This month I’m a bit behind on my monthly writing for October and November. I took almost 2 weeks off to move house, so it has been a period of change. Throughout the month, I felt overwhelmed with feelings and emotions — a combination of excitement, mountains of admin and planning, and exhaustion. We’re starting to settle down into a new area, getting used to new noises, routes and routines, and finding comfort.

Now that we own a house, the wishlist of things we want to do is ever growing — any tips on how you manage that, platforms to use?

What’s been happening

Providing advice

This month, a lot of what I’ve been doing has been around providing advice to different teams on service design and user-centred design. I have really enjoyed jumping from one topic to another and having timeboxed sessions to zoom in and zoom out of specific areas of work. This included helping to scope out UCD for projects and routes to resourcing, and a full-on day of providing service design and user-centred design advice to teams working on CivTech challenges. Some of the things that were on my mind:

  • Using intersectionality as a framework in the design of your service or product. This means keeping in mind the variety of ways in which a person may be oppressed. If we’re focusing on one single story, we need to remember we’re only focusing on one single story. We need to look at wider contexts, data, and how we might design for as many stories as possible.
  • The benefits of seeing the end-to-end view of your service or product. A lot of the conversations this month have been around ways to find out a bird-eye view of a service and use mapping tools to start conversation, help teams/stakeholders understand interactions and experiences of a service across multiple touchpoints over time. Putting time aside for the process of doing this is probably more important than the output. I see the value of doing this is to uncover spaces where you’re not the one managing/owning the service and discover ways to design interactions with other services/ecosystems of support.
  • Defining your service outcomes as a way to align on why your service or product exists. Kate Tarling has really helpful and practical blog on this here.

Supporting recruitment

One thing that has continued from previous months that I’ve been highly enjoying is providing support for recruitment — across the Scottish Government and beyond.

  • I had a gap of knowledge in terms of how the recruitment process works in other public sector organisations. So, I helped recruitment for a Lead Service Designer for UK Export Finance, and for Head of Digital for the Crofting Commission. Doing this really helps me develop my own interview style as well as get to know other public sector organisations. It has also helped me provide better and focused mentoring with folks who have approached me for help to apply for jobs. The UK Gov slack channels and the DDaT profession are a great way to get involved across governments and see how things work elsewhere.
  • Our own job description for entry-level service designers was long due a refresh. I worked to standartise the job description — to remove jargon that we often use, make it clear that you don’t need to have been in a role titled ‘(service) design’ to apply, and make it more open and accessible to folks. We will monitor how we’re doing on it and if folks from beyond service design job titles are keen to apply. This post on what is/what is not a service designer from Lou Downe has been particularly helpful.

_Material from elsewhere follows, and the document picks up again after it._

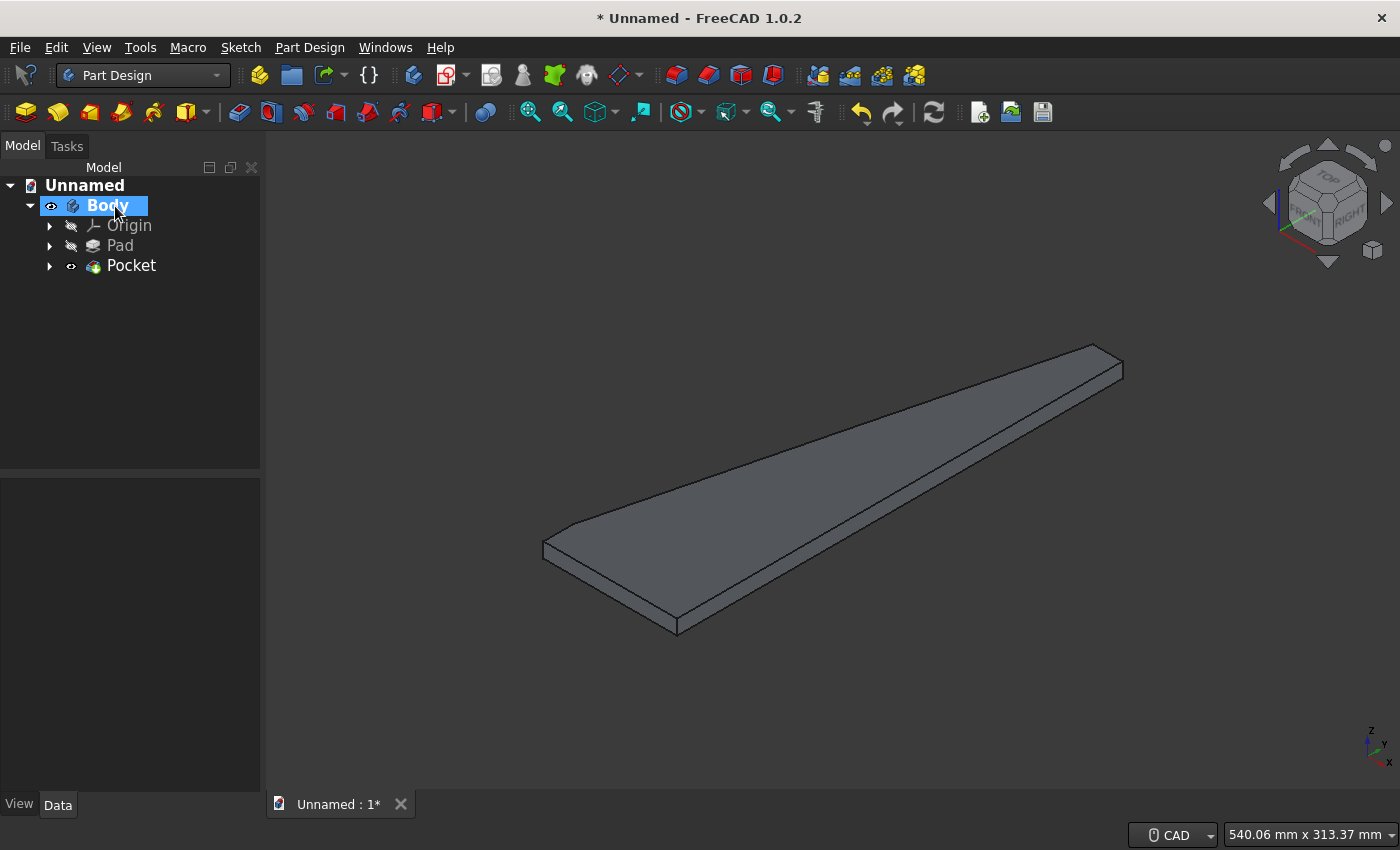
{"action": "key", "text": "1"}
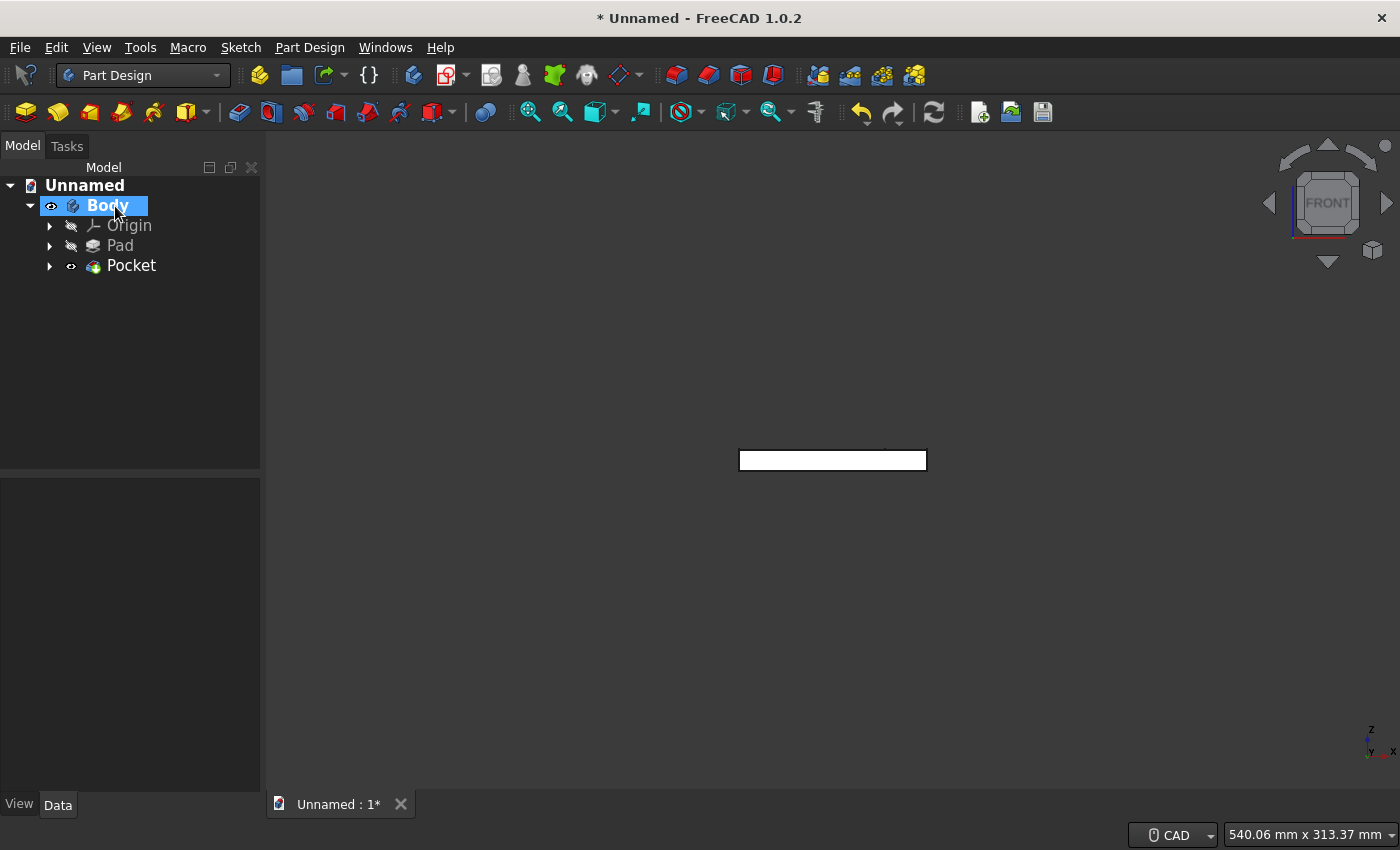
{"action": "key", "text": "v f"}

Things I’m thinking / learning about

Voicing my needs for events and meetings

It has always felt so daunting and vulnerable to add something in the field ‘do you have any accessibility requirements to attend this event’. Hence, I’ve never actually used that box. A combination of becoming better with boundaries plus better understanding my own needs meant that this month, for the first time, I shared explicitly what I need from a series of events. More reflections on this to come. What’s your experience been like?

Mentoring rhythms

I first met my mentor on 28th July this year for a hello and a chat to determine if we see the mentoring relationship working between us. Since then, we have only met once more. Our third catch up is approaching in mid-November. A combo of busy schedules and holidays meant that we haven’t had much contact. With all my previous coaches and mentors, we’ve known each other from before but this is new territory for me as we were matched via a mentoring scheme and don’t know each other well.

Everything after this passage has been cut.